_Task description:_ Transcribe every entry exactly; the images stay out.

....................

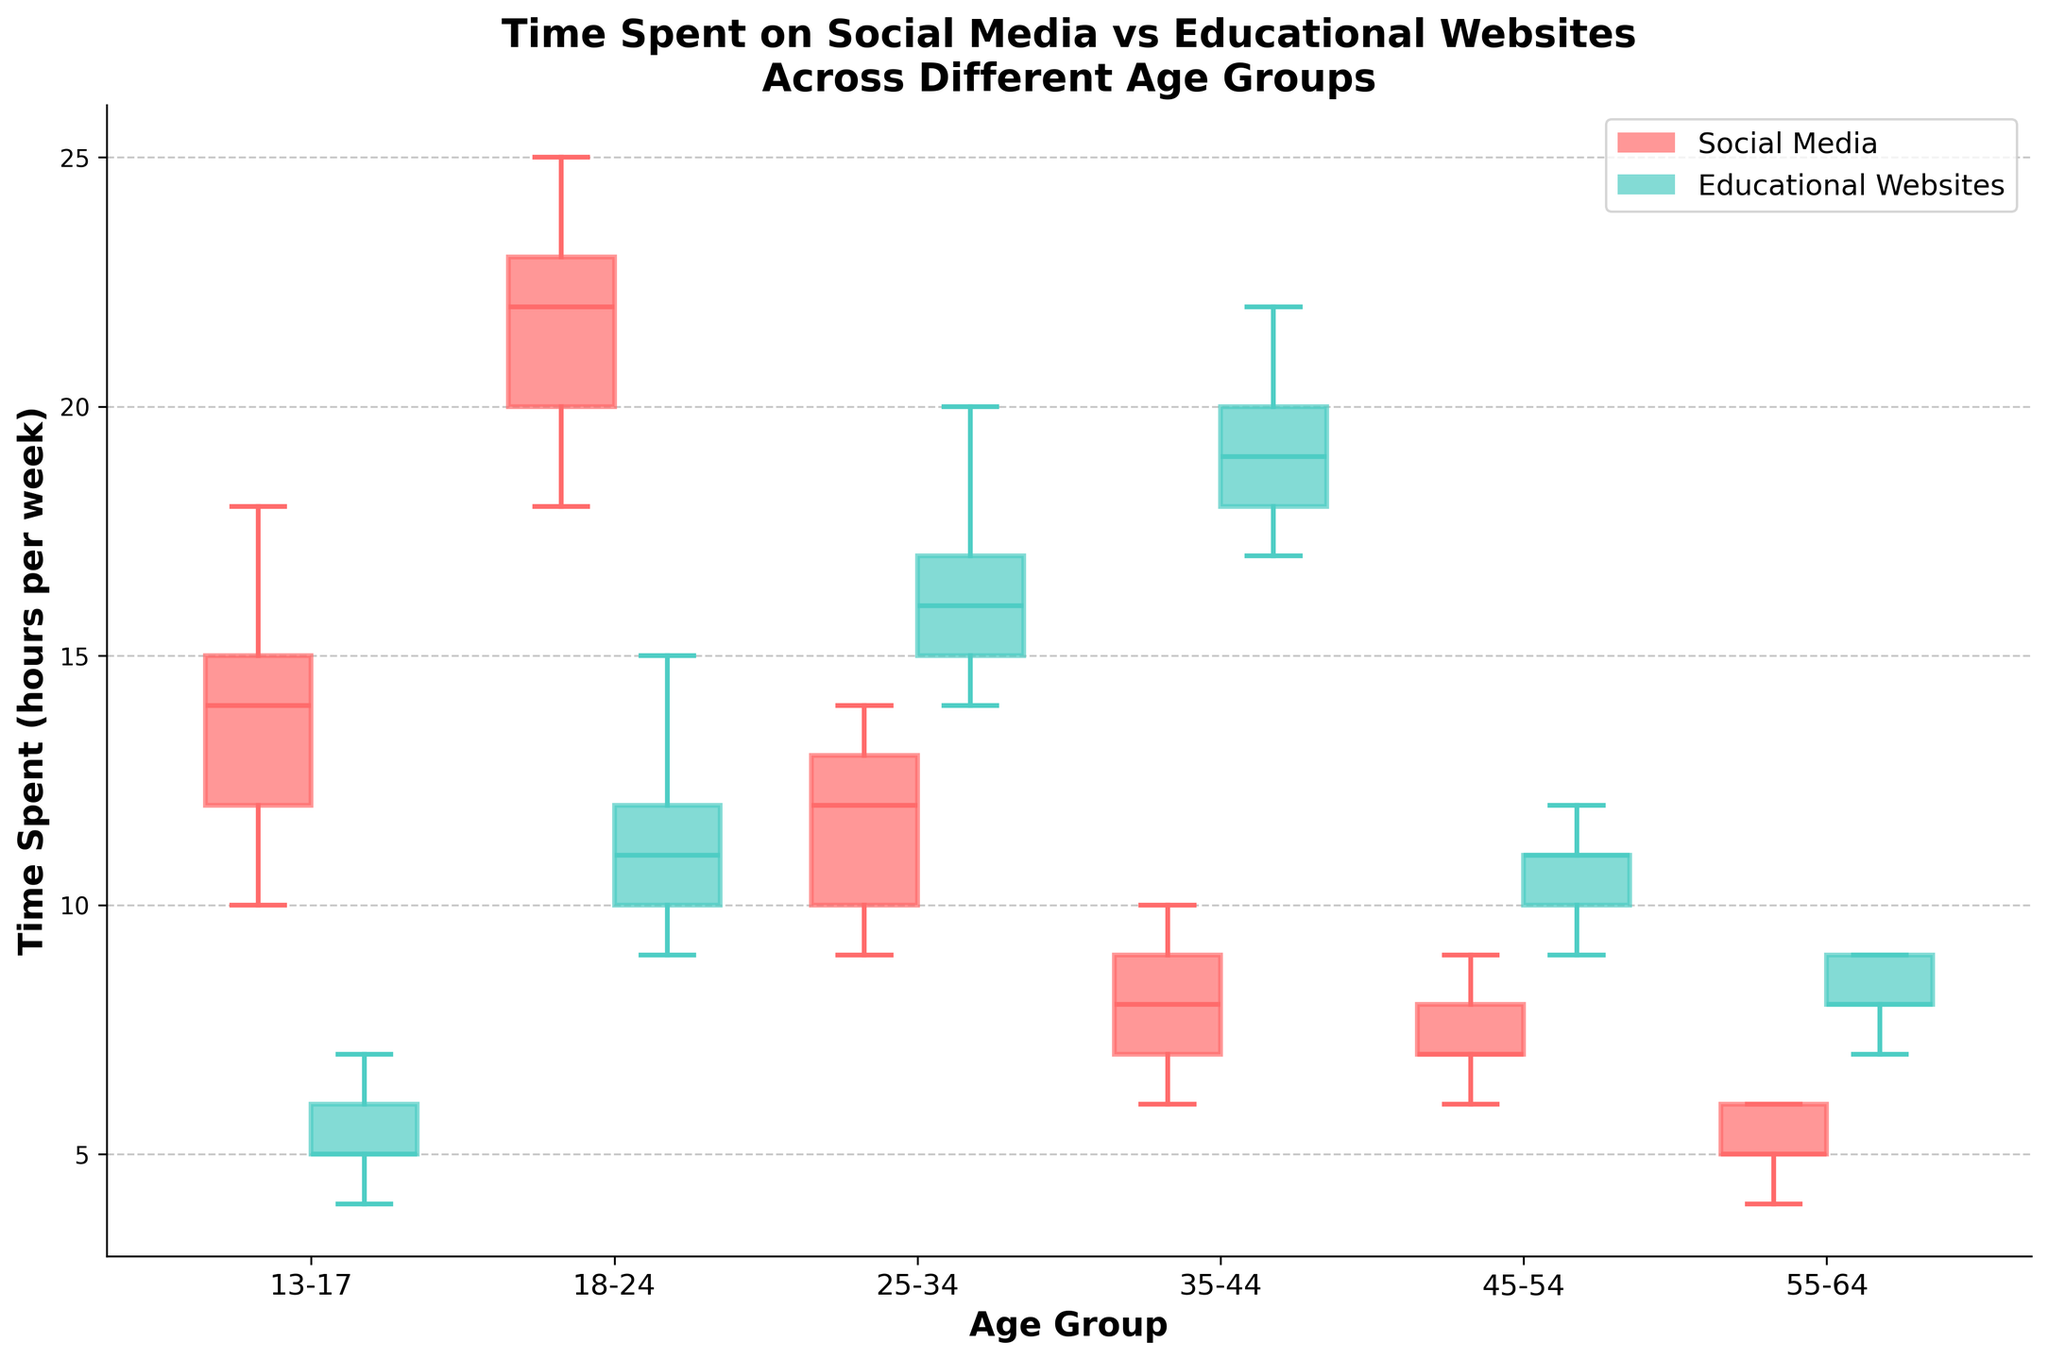What is the title of the figure? The title can be found at the top center of the figure where it summarizes the visualized data.
Answer: Time Spent on Social Media vs Educational Websites Across Different Age Groups What are the two platforms compared in the figure? The platforms are identified in the legend located at the upper right corner of the figure, distinguished by their colors.
Answer: Social Media and Educational Websites How do the medians of time spent on Social Media compare between the 13-17 and 18-24 age groups? Locate the median lines inside the box plot for Social Media for both age groups: The 13-17 median is around 14 hours, and the 18-24 median is about 22 hours. Compare these values.
Answer: The 18-24 group spends more time Which age group spends the least time on Social Media based on the medians? Identify the median lines for Social Media in each age group. The lowest median indicates the least time spent.
Answer: 55-64 What is the average time spent on Educational Websites by the 25-34 age group? Calculate the average using the mid-points of the box plot (mean is often marked differently) of Educational Websites for ages 25-34. The approximate values are 15, 17, 20, 14, 16. Average: (15+17+20+14+16)/5 = 82/5.
Answer: 16.4 How does the spread of data (interquartile range) for Educational Websites in the 18-24 age group compare to the 35-44 age group? The spread (IQR) is the distance between the first and third quartiles (boxes' top and bottom). Identify and compare these ranges for both age groups.
Answer: 18-24 has a smaller IQR Which platform shows a more significant decrease in usage as age increases from 13-17 to 55-64? Observe the trends in the median lines for both platforms across age groups and note which has a more consistent and steep decrease.
Answer: Social Media For the 45-54 age group, does the time spent on Social Media or Educational Websites have a wider spread? Compare the length of the boxes for both platforms in the 45-54 age group to determine which has the larger interquartile range.
Answer: Educational Websites Is there any age group where the time spent on Educational Websites is consistently higher than on Social Media? Compare the medians (middle lines) for each age group to see if Educational Websites are consistently higher than Social Media. For each group, compare the central lines.
Answer: 25-34, 35-44, and 55-64 What color is used to represent Social Media in the box plots? The legend in the upper right corner links the platforms to their colors, where Social Media is represented.
Answer: Red 
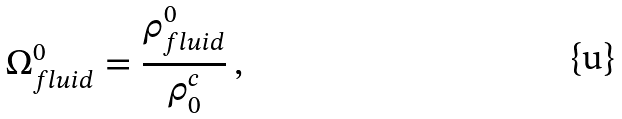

....................

_Solution to this task:_
What is the title of the figure? The title can be found at the top center of the figure where it summarizes the visualized data.
Answer: Time Spent on Social Media vs Educational Websites Across Different Age Groups What are the two platforms compared in the figure? The platforms are identified in the legend located at the upper right corner of the figure, distinguished by their colors.
Answer: Social Media and Educational Websites How do the medians of time spent on Social Media compare between the 13-17 and 18-24 age groups? Locate the median lines inside the box plot for Social Media for both age groups: The 13-17 median is around 14 hours, and the 18-24 median is about 22 hours. Compare these values.
Answer: The 18-24 group spends more time Which age group spends the least time on Social Media based on the medians? Identify the median lines for Social Media in each age group. The lowest median indicates the least time spent.
Answer: 55-64 What is the average time spent on Educational Websites by the 25-34 age group? Calculate the average using the mid-points of the box plot (mean is often marked differently) of Educational Websites for ages 25-34. The approximate values are 15, 17, 20, 14, 16. Average: (15+17+20+14+16)/5 = 82/5.
Answer: 16.4 How does the spread of data (interquartile range) for Educational Websites in the 18-24 age group compare to the 35-44 age group? The spread (IQR) is the distance between the first and third quartiles (boxes' top and bottom). Identify and compare these ranges for both age groups.
Answer: 18-24 has a smaller IQR Which platform shows a more significant decrease in usage as age increases from 13-17 to 55-64? Observe the trends in the median lines for both platforms across age groups and note which has a more consistent and steep decrease.
Answer: Social Media For the 45-54 age group, does the time spent on Social Media or Educational Websites have a wider spread? Compare the length of the boxes for both platforms in the 45-54 age group to determine which has the larger interquartile range.
Answer: Educational Websites Is there any age group where the time spent on Educational Websites is consistently higher than on Social Media? Compare the medians (middle lines) for each age group to see if Educational Websites are consistently higher than Social Media. For each group, compare the central lines.
Answer: 25-34, 35-44, and 55-64 What color is used to represent Social Media in the box plots? The legend in the upper right corner links the platforms to their colors, where Social Media is represented.
Answer: Red 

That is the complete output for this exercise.